Event-related potentials to tones show differences between children with multiple risk factors for dyslexia and control children before the onset of formal reading instruction
Hämäläinen, J., Lohvansuu, K., Ervast, L., & Leppänen, P. (2015). Event-related potentials to tones show differences between children with multiple risk factors for dyslexia and control children before the onset of formal reading instruction. International Journal of Psychophysiology, 95 (2), 101-112. doi:10.1016/j.ijpsycho.2014.04.004
Julkaistu sarjassaInternational Journal of Psychophysiology
© Elsevier. This is a final draft version of an article whose final and definitive form has been published by Elsevier.
Multiple risk factors can affect the development of specific reading problems or dyslexia. In addition to the most prevalent and studied risk factor, phonological processing, also auditory discrimination problems have been found in children and adults with reading difficulties. The present study examined 37 children between the ages of 5 and 6, 11 of which had multiple risk factors for developing reading problems.
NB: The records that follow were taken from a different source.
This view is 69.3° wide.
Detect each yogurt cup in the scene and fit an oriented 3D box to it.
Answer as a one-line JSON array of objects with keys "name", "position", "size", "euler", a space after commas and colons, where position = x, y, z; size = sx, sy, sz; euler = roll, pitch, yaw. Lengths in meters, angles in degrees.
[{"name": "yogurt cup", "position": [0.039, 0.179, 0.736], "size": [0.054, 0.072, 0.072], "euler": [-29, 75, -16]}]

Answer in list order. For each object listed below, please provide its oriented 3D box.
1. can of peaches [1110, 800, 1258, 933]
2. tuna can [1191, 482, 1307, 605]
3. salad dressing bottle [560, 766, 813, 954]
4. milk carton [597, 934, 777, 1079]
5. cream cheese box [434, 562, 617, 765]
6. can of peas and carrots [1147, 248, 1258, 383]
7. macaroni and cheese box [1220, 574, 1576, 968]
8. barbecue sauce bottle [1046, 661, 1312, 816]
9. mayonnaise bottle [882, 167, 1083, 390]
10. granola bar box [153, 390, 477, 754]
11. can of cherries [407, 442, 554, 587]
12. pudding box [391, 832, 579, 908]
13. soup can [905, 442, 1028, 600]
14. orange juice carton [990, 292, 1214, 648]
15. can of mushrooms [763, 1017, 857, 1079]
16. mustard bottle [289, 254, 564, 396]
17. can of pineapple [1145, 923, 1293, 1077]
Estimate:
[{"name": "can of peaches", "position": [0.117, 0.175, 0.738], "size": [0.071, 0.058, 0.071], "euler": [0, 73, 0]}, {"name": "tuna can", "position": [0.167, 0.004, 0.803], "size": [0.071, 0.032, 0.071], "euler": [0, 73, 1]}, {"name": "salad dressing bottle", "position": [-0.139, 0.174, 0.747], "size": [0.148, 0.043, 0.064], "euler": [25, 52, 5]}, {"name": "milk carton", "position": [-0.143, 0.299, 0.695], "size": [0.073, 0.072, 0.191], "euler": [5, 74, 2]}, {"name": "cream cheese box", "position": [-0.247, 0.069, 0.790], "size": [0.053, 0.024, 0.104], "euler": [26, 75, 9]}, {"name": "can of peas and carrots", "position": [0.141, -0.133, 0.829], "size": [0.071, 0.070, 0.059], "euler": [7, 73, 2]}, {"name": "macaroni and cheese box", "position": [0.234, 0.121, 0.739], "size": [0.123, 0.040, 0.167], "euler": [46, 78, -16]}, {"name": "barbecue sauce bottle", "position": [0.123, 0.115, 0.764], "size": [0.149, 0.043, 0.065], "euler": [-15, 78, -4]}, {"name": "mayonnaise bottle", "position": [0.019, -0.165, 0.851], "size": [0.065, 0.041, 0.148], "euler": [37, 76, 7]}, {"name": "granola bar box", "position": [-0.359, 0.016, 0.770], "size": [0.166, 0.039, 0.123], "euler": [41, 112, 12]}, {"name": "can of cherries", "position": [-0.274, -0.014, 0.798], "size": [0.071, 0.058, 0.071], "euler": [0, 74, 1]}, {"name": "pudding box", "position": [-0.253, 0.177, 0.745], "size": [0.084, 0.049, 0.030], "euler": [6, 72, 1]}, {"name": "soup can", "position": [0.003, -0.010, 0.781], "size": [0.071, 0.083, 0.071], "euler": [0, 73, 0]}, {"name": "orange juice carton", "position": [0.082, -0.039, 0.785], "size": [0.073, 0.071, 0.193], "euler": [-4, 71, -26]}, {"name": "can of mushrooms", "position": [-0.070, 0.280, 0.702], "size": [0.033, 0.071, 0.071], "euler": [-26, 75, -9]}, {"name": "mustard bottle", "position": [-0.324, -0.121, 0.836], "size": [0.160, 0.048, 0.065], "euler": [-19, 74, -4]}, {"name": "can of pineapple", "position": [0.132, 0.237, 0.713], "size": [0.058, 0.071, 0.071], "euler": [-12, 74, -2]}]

The children participated in a passive oddball EEG experiment with sinusoidal sounds with changes in sound frequency, duration, or intensity. The responses to the standard stimuli showed a negative voltage shift in children at risk for reading problems compared to control children at 107-215 ms in frontocentral areas corresponding to P1 offset and N250 onset. Source analyses showed that the difference originated from the left and right auditory cortices. Additionally, the children at risk for reading problems had a larger late discriminative negativity (LDN) response in amplitude for sound frequency change than the control children. The amplitudes at the P1-N250 time window showed correlations to letter knowledge and phonological identification whereas the amplitudes at the LDN time window correlated with verbal short-term memory and rapid naming. These results support the view that problems in basic auditory processing abilities precede the onset of reading instruction and can act as one of the risk factors for dyslexia.